Hallo Ihr,
auf Ende Dezember wurde dem AN gekündigt. Ihm wurde freigestellt, sofort zu gehen, da er lt. AG jede Menge Urlaub habe. Er hat zwar nicht so viel, dass es bis Ende Dezember reicht, ist aber trotzdem gegangen.
Nun ist meine Frage, ob der AG deswegen anteilig das 13. Gehalt abziehen kann, da der AN ja nun länger Urlaub genommen hat als ihm zusteht. Zum Zeitpunkt der Kündigung war dies dem AG vermutlich gar nicht bekannt. Es geht um 5 Tage.
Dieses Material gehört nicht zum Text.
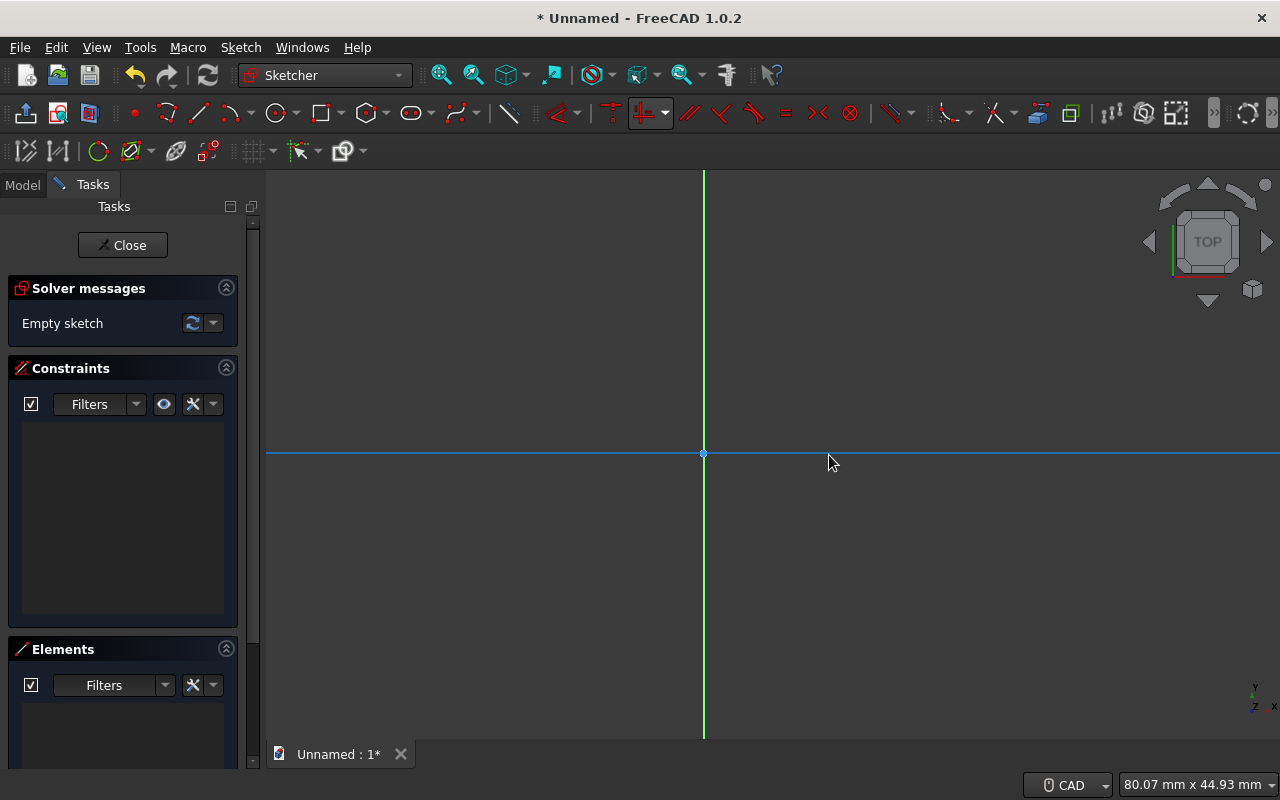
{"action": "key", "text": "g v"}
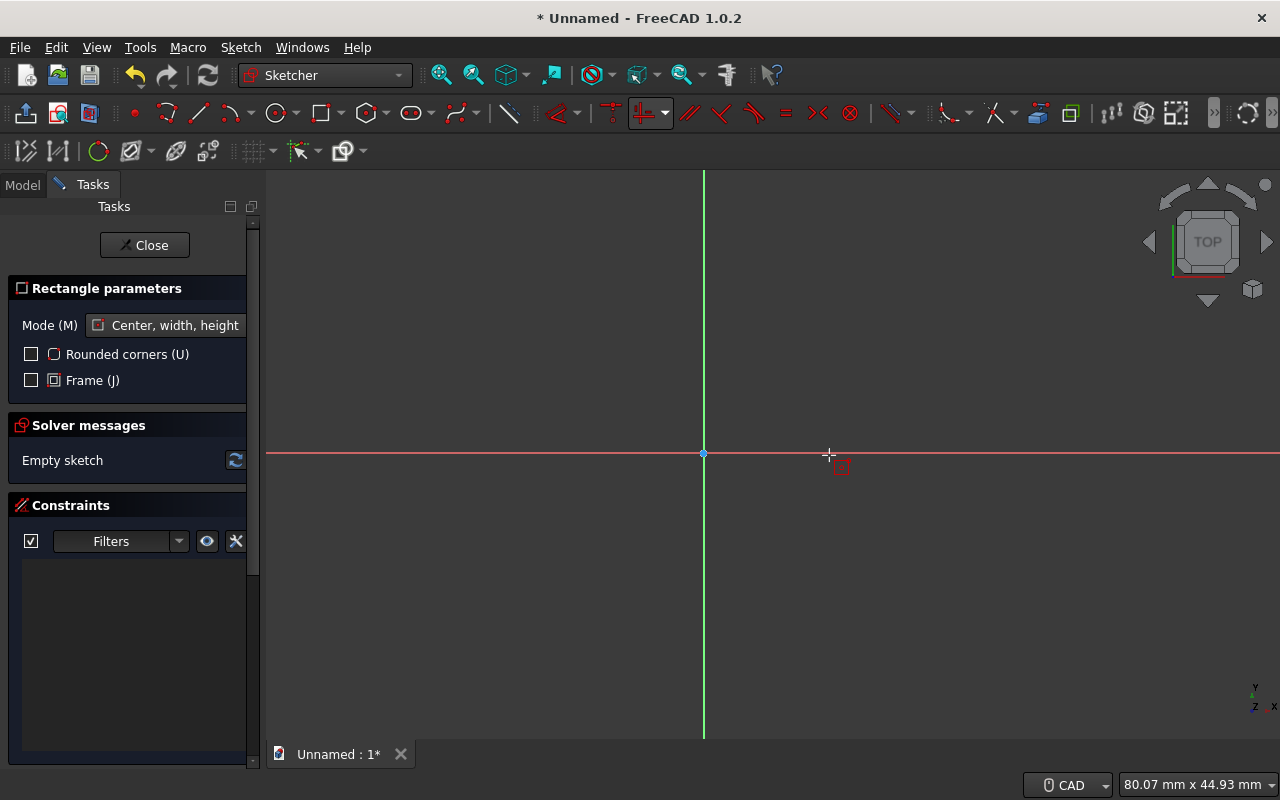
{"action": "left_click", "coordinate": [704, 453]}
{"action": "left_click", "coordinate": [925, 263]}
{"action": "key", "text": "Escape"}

Für eine Antwort bin ich dankbar.
Grüße, Paula
Hallo,
Ihm wurde
freigestellt, sofort zu gehen, da er lt. AG jede Menge Urlaub
habe. Er hat zwar nicht so viel, dass es bis Ende Dezember
reicht, ist aber trotzdem gegangen.
Und warum hat er den AG (nachdem ers vermutlich im nachhinein festgestellt hat?) nicht gefragt, was mit den Tagen ist, die vom Urlaub nicht abgedeckt sind?
Mir fallen jetzt nur 2 Varianten ein:
- der AG war der [fälschlichen] Meinung, dass der AN mehr Urlaub hat und sich nur versehentlich großzügig gezeigt
- dem AG war klar, dass der Urlaub nicht reicht und er hat sich bewusst großzügig gezeigt mit der „Freistellung“
Wenn die Freistellung nicht schriftlich erfolgte, wäre es interessant zu wissen, was der AG genau gesagt hat zum AN.
Nun ist meine Frage, ob der AG deswegen anteilig das 13.
Gehalt abziehen kann, da der AN ja nun länger Urlaub genommen
hat als ihm zusteht. Zum Zeitpunkt der Kündigung war dies dem
AG vermutlich gar nicht bekannt.
Dann sollte man das mit dem AG abklären. Auch wenn die Gefahr besteht, dass der dann sagt „Also, wenn das so ist, dann möchte ich, dass Sie die 5 Tage noch arbeiten.“.
Bezüglich des 13. Gehalts, kommts drauf an, was dazu vereinbart ist. Bis jetzt seh ich noch keinen Zusammenhang zum 13. Gehalt.